__EXERCISE DESCRIPTION__.
Please copy out every line of the listing below in which the word "CTRL" appears.

__RECORDS PROVIDED__.
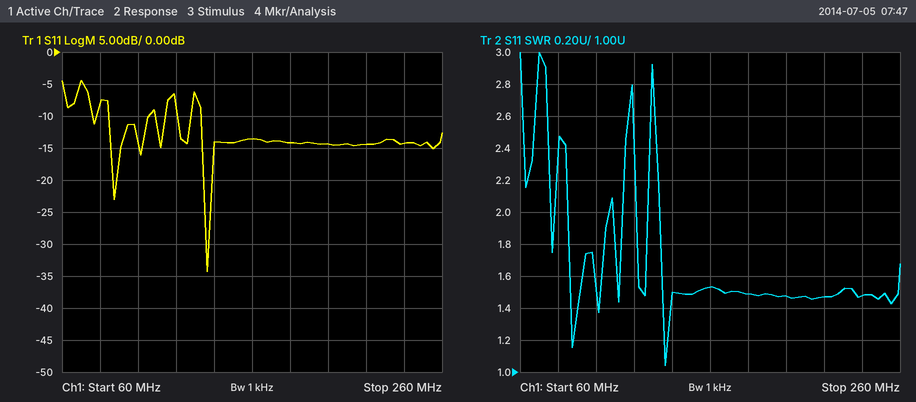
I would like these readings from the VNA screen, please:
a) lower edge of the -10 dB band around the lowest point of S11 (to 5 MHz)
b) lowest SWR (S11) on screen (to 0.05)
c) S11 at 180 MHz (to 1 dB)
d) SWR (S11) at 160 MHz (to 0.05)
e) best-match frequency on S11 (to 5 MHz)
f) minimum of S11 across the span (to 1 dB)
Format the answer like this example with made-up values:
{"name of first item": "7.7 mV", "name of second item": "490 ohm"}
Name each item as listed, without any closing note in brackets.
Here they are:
{"lower edge of the -10 dB band around the lowest point of S11": "135 MHz", "lowest SWR (S11) on screen": "1.05", "S11 at 180 MHz": "-14 dB", "SWR (S11) at 160 MHz": "1.55", "best-match frequency on S11": "135 MHz", "minimum of S11 across the span": "-34 dB"}
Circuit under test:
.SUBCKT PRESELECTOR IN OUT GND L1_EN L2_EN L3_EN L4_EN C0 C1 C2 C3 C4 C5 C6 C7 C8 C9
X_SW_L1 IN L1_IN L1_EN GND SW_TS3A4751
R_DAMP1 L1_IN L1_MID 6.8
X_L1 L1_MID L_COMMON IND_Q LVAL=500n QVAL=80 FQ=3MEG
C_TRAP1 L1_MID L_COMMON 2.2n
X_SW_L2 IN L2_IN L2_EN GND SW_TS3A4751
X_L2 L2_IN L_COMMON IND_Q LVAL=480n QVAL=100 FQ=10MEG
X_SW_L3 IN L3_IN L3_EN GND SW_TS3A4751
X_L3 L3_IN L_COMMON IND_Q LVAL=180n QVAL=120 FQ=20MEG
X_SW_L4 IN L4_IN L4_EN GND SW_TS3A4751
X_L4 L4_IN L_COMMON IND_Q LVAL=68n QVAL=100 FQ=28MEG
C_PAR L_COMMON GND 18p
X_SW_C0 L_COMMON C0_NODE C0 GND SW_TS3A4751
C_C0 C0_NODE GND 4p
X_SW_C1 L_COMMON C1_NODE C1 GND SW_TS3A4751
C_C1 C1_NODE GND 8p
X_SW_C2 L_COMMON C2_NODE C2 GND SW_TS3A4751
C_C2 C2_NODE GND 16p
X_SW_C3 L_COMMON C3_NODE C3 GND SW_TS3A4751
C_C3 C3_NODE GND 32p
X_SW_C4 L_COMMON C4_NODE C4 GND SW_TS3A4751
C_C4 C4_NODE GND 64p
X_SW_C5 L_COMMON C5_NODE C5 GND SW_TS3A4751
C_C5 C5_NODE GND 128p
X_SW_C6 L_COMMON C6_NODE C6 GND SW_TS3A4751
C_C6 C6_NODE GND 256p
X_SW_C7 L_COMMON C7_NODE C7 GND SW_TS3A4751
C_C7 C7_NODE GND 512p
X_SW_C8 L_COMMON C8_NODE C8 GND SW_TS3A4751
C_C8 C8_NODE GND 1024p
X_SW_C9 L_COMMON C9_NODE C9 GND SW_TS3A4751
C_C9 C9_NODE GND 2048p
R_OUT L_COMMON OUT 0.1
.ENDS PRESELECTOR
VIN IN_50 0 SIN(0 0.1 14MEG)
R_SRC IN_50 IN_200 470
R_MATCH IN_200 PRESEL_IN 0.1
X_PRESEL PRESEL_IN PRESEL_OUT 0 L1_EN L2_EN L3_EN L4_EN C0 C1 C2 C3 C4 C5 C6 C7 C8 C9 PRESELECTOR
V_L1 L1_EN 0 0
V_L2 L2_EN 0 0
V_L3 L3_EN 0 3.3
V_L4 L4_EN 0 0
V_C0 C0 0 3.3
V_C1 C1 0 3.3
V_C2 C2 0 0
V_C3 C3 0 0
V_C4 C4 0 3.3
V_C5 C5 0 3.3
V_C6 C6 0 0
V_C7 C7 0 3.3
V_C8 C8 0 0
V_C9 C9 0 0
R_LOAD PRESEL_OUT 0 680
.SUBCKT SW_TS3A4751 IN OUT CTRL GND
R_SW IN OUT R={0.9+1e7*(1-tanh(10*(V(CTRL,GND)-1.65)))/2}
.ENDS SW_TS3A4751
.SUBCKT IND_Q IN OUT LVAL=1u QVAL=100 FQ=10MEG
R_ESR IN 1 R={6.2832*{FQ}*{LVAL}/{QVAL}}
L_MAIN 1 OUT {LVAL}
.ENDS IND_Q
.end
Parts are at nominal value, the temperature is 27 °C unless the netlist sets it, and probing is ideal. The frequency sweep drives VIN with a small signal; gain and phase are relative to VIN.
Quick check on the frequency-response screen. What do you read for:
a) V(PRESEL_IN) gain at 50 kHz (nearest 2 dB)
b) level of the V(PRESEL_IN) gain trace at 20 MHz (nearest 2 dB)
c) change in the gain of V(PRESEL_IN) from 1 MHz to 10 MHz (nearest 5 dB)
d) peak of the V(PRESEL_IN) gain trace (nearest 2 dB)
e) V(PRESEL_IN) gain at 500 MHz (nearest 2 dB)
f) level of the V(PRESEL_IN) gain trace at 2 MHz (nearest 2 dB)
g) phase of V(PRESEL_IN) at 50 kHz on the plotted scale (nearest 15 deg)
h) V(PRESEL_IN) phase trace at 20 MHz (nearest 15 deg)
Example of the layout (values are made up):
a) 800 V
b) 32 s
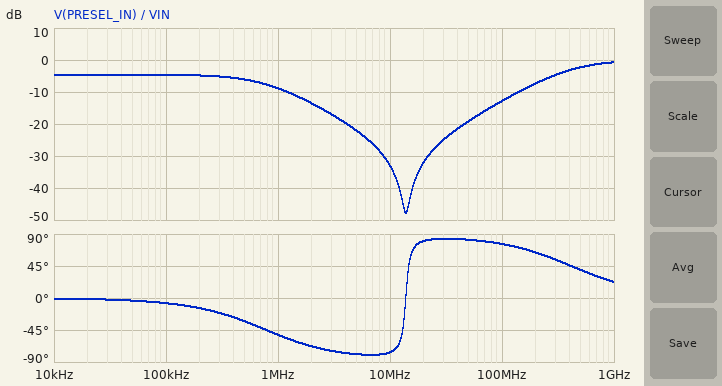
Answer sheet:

__WRITTEN SOLUTION__.
.SUBCKT SW_TS3A4751 IN OUT CTRL GND
R_SW IN OUT R={0.9+1e7*(1-tanh(10*(V(CTRL,GND)-1.65)))/2}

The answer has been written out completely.